* **YOUR INSTRUCTIONS**:
An exact transcription of each entry below is required, without any pictures.

* **Entries taken from a collection**:

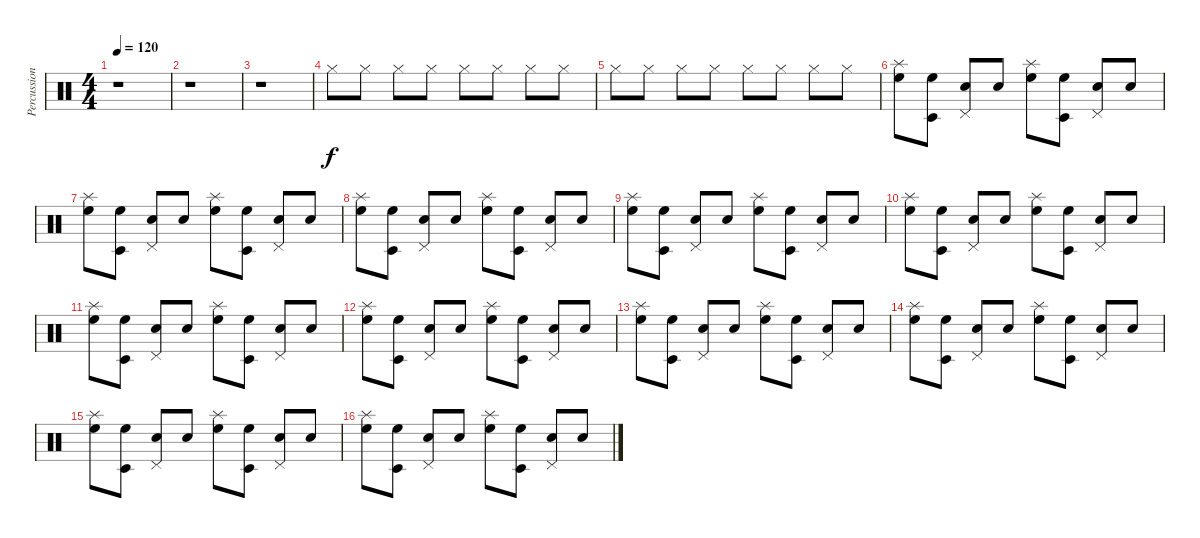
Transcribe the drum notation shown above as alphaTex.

\track ("Percussion" "Percussion") {instrument percussion}
\staff {score}
\articulation defaults
\ts (4 4)
\tempo 120
\clef neutral
\ks c
r.1{dy f} |
r.1 |
r.1 |
"Hi-Hat (closed)".8 "Hi-Hat (closed)".8 "Hi-Hat (closed)".8 "Hi-Hat (closed)".8 "Hi-Hat (closed)".8 "Hi-Hat (closed)".8 "Hi-Hat (closed)".8 "Hi-Hat (closed)".8 |
"Hi-Hat (closed)".8 "Hi-Hat (closed)".8 "Hi-Hat (closed)".8 "Hi-Hat (closed)".8 "Hi-Hat (closed)".8 "Hi-Hat (closed)".8 "Hi-Hat (closed)".8 "Hi-Hat (closed)".8 |
("Splash (hit)" "High Floor Tom (hit)").8 ("Timbale low (hit)" "High Floor Tom (hit)").8 ("Pedal Hi-Hat (hit)" "Electric Snare (hit)").8 "Electric Snare (hit)".8 ("Splash (hit)" "High Floor Tom (hit)").8 ("Timbale low (hit)" "High Floor Tom (hit)").8 ("Pedal Hi-Hat (hit)" "Electric Snare (hit)").8 "Electric Snare (hit)".8 |
("Splash (hit)" "High Floor Tom (hit)").8 ("Timbale low (hit)" "High Floor Tom (hit)").8 ("Pedal Hi-Hat (hit)" "Electric Snare (hit)").8 "Electric Snare (hit)".8 ("Splash (hit)" "High Floor Tom (hit)").8 ("Timbale low (hit)" "High Floor Tom (hit)").8 ("Pedal Hi-Hat (hit)" "Electric Snare (hit)").8 "Electric Snare (hit)".8 |
("Splash (hit)" "High Floor Tom (hit)").8 ("Timbale low (hit)" "High Floor Tom (hit)").8 ("Pedal Hi-Hat (hit)" "Electric Snare (hit)").8 "Electric Snare (hit)".8 ("Splash (hit)" "High Floor Tom (hit)").8 ("Timbale low (hit)" "High Floor Tom (hit)").8 ("Pedal Hi-Hat (hit)" "Electric Snare (hit)").8 "Electric Snare (hit)".8 |
("Splash (hit)" "High Floor Tom (hit)").8 ("Timbale low (hit)" "High Floor Tom (hit)").8 ("Pedal Hi-Hat (hit)" "Electric Snare (hit)").8 "Electric Snare (hit)".8 ("Splash (hit)" "High Floor Tom (hit)").8 ("Timbale low (hit)" "High Floor Tom (hit)").8 ("Pedal Hi-Hat (hit)" "Electric Snare (hit)").8 "Electric Snare (hit)".8 |
("Splash (hit)" "High Floor Tom (hit)").8 ("Timbale low (hit)" "High Floor Tom (hit)").8 ("Pedal Hi-Hat (hit)" "Electric Snare (hit)").8 "Electric Snare (hit)".8 ("Splash (hit)" "High Floor Tom (hit)").8 ("Timbale low (hit)" "High Floor Tom (hit)").8 ("Pedal Hi-Hat (hit)" "Electric Snare (hit)").8 "Electric Snare (hit)".8 |
("Splash (hit)" "High Floor Tom (hit)").8 ("Timbale low (hit)" "High Floor Tom (hit)").8 ("Pedal Hi-Hat (hit)" "Electric Snare (hit)").8 "Electric Snare (hit)".8 ("Splash (hit)" "High Floor Tom (hit)").8 ("Timbale low (hit)" "High Floor Tom (hit)").8 ("Pedal Hi-Hat (hit)" "Electric Snare (hit)").8 "Electric Snare (hit)".8 |
("Splash (hit)" "High Floor Tom (hit)").8 ("Timbale low (hit)" "High Floor Tom (hit)").8 ("Pedal Hi-Hat (hit)" "Electric Snare (hit)").8 "Electric Snare (hit)".8 ("Splash (hit)" "High Floor Tom (hit)").8 ("Timbale low (hit)" "High Floor Tom (hit)").8 ("Pedal Hi-Hat (hit)" "Electric Snare (hit)").8 "Electric Snare (hit)".8 |
("Splash (hit)" "High Floor Tom (hit)").8 ("Timbale low (hit)" "High Floor Tom (hit)").8 ("Pedal Hi-Hat (hit)" "Electric Snare (hit)").8 "Electric Snare (hit)".8 ("Splash (hit)" "High Floor Tom (hit)").8 ("Timbale low (hit)" "High Floor Tom (hit)").8 ("Pedal Hi-Hat (hit)" "Electric Snare (hit)").8 "Electric Snare (hit)".8 |
("Splash (hit)" "High Floor Tom (hit)").8 ("Timbale low (hit)" "High Floor Tom (hit)").8 ("Pedal Hi-Hat (hit)" "Electric Snare (hit)").8 "Electric Snare (hit)".8 ("Splash (hit)" "High Floor Tom (hit)").8 ("Timbale low (hit)" "High Floor Tom (hit)").8 ("Pedal Hi-Hat (hit)" "Electric Snare (hit)").8 "Electric Snare (hit)".8 |
("Splash (hit)" "High Floor Tom (hit)").8 ("Timbale low (hit)" "High Floor Tom (hit)").8 ("Pedal Hi-Hat (hit)" "Electric Snare (hit)").8 "Electric Snare (hit)".8 ("Splash (hit)" "High Floor Tom (hit)").8 ("Timbale low (hit)" "High Floor Tom (hit)").8 ("Pedal Hi-Hat (hit)" "Electric Snare (hit)").8 "Electric Snare (hit)".8 |
("Splash (hit)" "High Floor Tom (hit)").8 ("Timbale low (hit)" "High Floor Tom (hit)").8 ("Pedal Hi-Hat (hit)" "Electric Snare (hit)").8 "Electric Snare (hit)".8 ("Splash (hit)" "High Floor Tom (hit)").8 ("Timbale low (hit)" "High Floor Tom (hit)").8 ("Pedal Hi-Hat (hit)" "Electric Snare (hit)").8 "Electric Snare (hit)".8
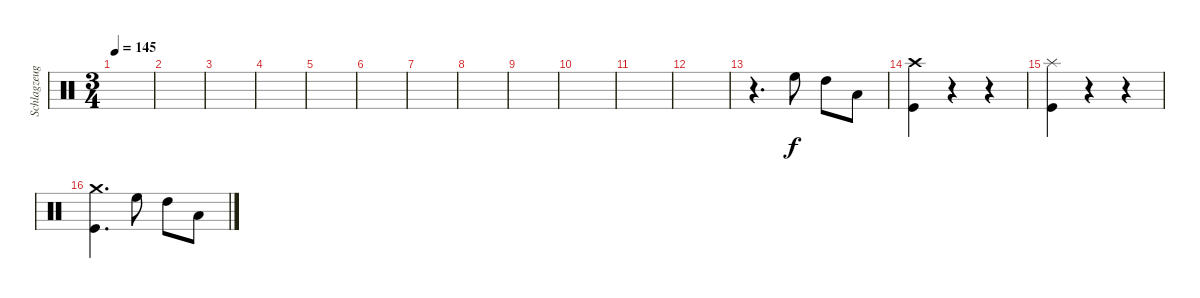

* **RESPONSE AREA**:
Transcribe the drum notation shown above as alphaTex.

\track ("Percussion" "Percussion") {instrument percussion}
\staff {score}
\articulation defaults
\ts (4 4)
\tempo 120
\clef neutral
\ks c
r.1{dy f} |
r.1 |
r.1 |
"Hi-Hat (closed)".8 "Hi-Hat (closed)".8 "Hi-Hat (closed)".8 "Hi-Hat (closed)".8 "Hi-Hat (closed)".8 "Hi-Hat (closed)".8 "Hi-Hat (closed)".8 "Hi-Hat (closed)".8 |
"Hi-Hat (closed)".8 "Hi-Hat (closed)".8 "Hi-Hat (closed)".8 "Hi-Hat (closed)".8 "Hi-Hat (closed)".8 "Hi-Hat (closed)".8 "Hi-Hat (closed)".8 "Hi-Hat (closed)".8 |
("Splash (hit)" "High Floor Tom (hit)").8 ("Timbale low (hit)" "High Floor Tom (hit)").8 ("Pedal Hi-Hat (hit)" "Electric Snare (hit)").8 "Electric Snare (hit)".8 ("Splash (hit)" "High Floor Tom (hit)").8 ("Timbale low (hit)" "High Floor Tom (hit)").8 ("Pedal Hi-Hat (hit)" "Electric Snare (hit)").8 "Electric Snare (hit)".8 |
("Splash (hit)" "High Floor Tom (hit)").8 ("Timbale low (hit)" "High Floor Tom (hit)").8 ("Pedal Hi-Hat (hit)" "Electric Snare (hit)").8 "Electric Snare (hit)".8 ("Splash (hit)" "High Floor Tom (hit)").8 ("Timbale low (hit)" "High Floor Tom (hit)").8 ("Pedal Hi-Hat (hit)" "Electric Snare (hit)").8 "Electric Snare (hit)".8 |
("Splash (hit)" "High Floor Tom (hit)").8 ("Timbale low (hit)" "High Floor Tom (hit)").8 ("Pedal Hi-Hat (hit)" "Electric Snare (hit)").8 "Electric Snare (hit)".8 ("Splash (hit)" "High Floor Tom (hit)").8 ("Timbale low (hit)" "High Floor Tom (hit)").8 ("Pedal Hi-Hat (hit)" "Electric Snare (hit)").8 "Electric Snare (hit)".8 |
("Splash (hit)" "High Floor Tom (hit)").8 ("Timbale low (hit)" "High Floor Tom (hit)").8 ("Pedal Hi-Hat (hit)" "Electric Snare (hit)").8 "Electric Snare (hit)".8 ("Splash (hit)" "High Floor Tom (hit)").8 ("Timbale low (hit)" "High Floor Tom (hit)").8 ("Pedal Hi-Hat (hit)" "Electric Snare (hit)").8 "Electric Snare (hit)".8 |
("Splash (hit)" "High Floor Tom (hit)").8 ("Timbale low (hit)" "High Floor Tom (hit)").8 ("Pedal Hi-Hat (hit)" "Electric Snare (hit)").8 "Electric Snare (hit)".8 ("Splash (hit)" "High Floor Tom (hit)").8 ("Timbale low (hit)" "High Floor Tom (hit)").8 ("Pedal Hi-Hat (hit)" "Electric Snare (hit)").8 "Electric Snare (hit)".8 |
("Splash (hit)" "High Floor Tom (hit)").8 ("Timbale low (hit)" "High Floor Tom (hit)").8 ("Pedal Hi-Hat (hit)" "Electric Snare (hit)").8 "Electric Snare (hit)".8 ("Splash (hit)" "High Floor Tom (hit)").8 ("Timbale low (hit)" "High Floor Tom (hit)").8 ("Pedal Hi-Hat (hit)" "Electric Snare (hit)").8 "Electric Snare (hit)".8 |
("Splash (hit)" "High Floor Tom (hit)").8 ("Timbale low (hit)" "High Floor Tom (hit)").8 ("Pedal Hi-Hat (hit)" "Electric Snare (hit)").8 "Electric Snare (hit)".8 ("Splash (hit)" "High Floor Tom (hit)").8 ("Timbale low (hit)" "High Floor Tom (hit)").8 ("Pedal Hi-Hat (hit)" "Electric Snare (hit)").8 "Electric Snare (hit)".8 |
("Splash (hit)" "High Floor Tom (hit)").8 ("Timbale low (hit)" "High Floor Tom (hit)").8 ("Pedal Hi-Hat (hit)" "Electric Snare (hit)").8 "Electric Snare (hit)".8 ("Splash (hit)" "High Floor Tom (hit)").8 ("Timbale low (hit)" "High Floor Tom (hit)").8 ("Pedal Hi-Hat (hit)" "Electric Snare (hit)").8 "Electric Snare (hit)".8 |
("Splash (hit)" "High Floor Tom (hit)").8 ("Timbale low (hit)" "High Floor Tom (hit)").8 ("Pedal Hi-Hat (hit)" "Electric Snare (hit)").8 "Electric Snare (hit)".8 ("Splash (hit)" "High Floor Tom (hit)").8 ("Timbale low (hit)" "High Floor Tom (hit)").8 ("Pedal Hi-Hat (hit)" "Electric Snare (hit)").8 "Electric Snare (hit)".8 |
("Splash (hit)" "High Floor Tom (hit)").8 ("Timbale low (hit)" "High Floor Tom (hit)").8 ("Pedal Hi-Hat (hit)" "Electric Snare (hit)").8 "Electric Snare (hit)".8 ("Splash (hit)" "High Floor Tom (hit)").8 ("Timbale low (hit)" "High Floor Tom (hit)").8 ("Pedal Hi-Hat (hit)" "Electric Snare (hit)").8 "Electric Snare (hit)".8 |
("Splash (hit)" "High Floor Tom (hit)").8 ("Timbale low (hit)" "High Floor Tom (hit)").8 ("Pedal Hi-Hat (hit)" "Electric Snare (hit)").8 "Electric Snare (hit)".8 ("Splash (hit)" "High Floor Tom (hit)").8 ("Timbale low (hit)" "High Floor Tom (hit)").8 ("Pedal Hi-Hat (hit)" "Electric Snare (hit)").8 "Electric Snare (hit)".8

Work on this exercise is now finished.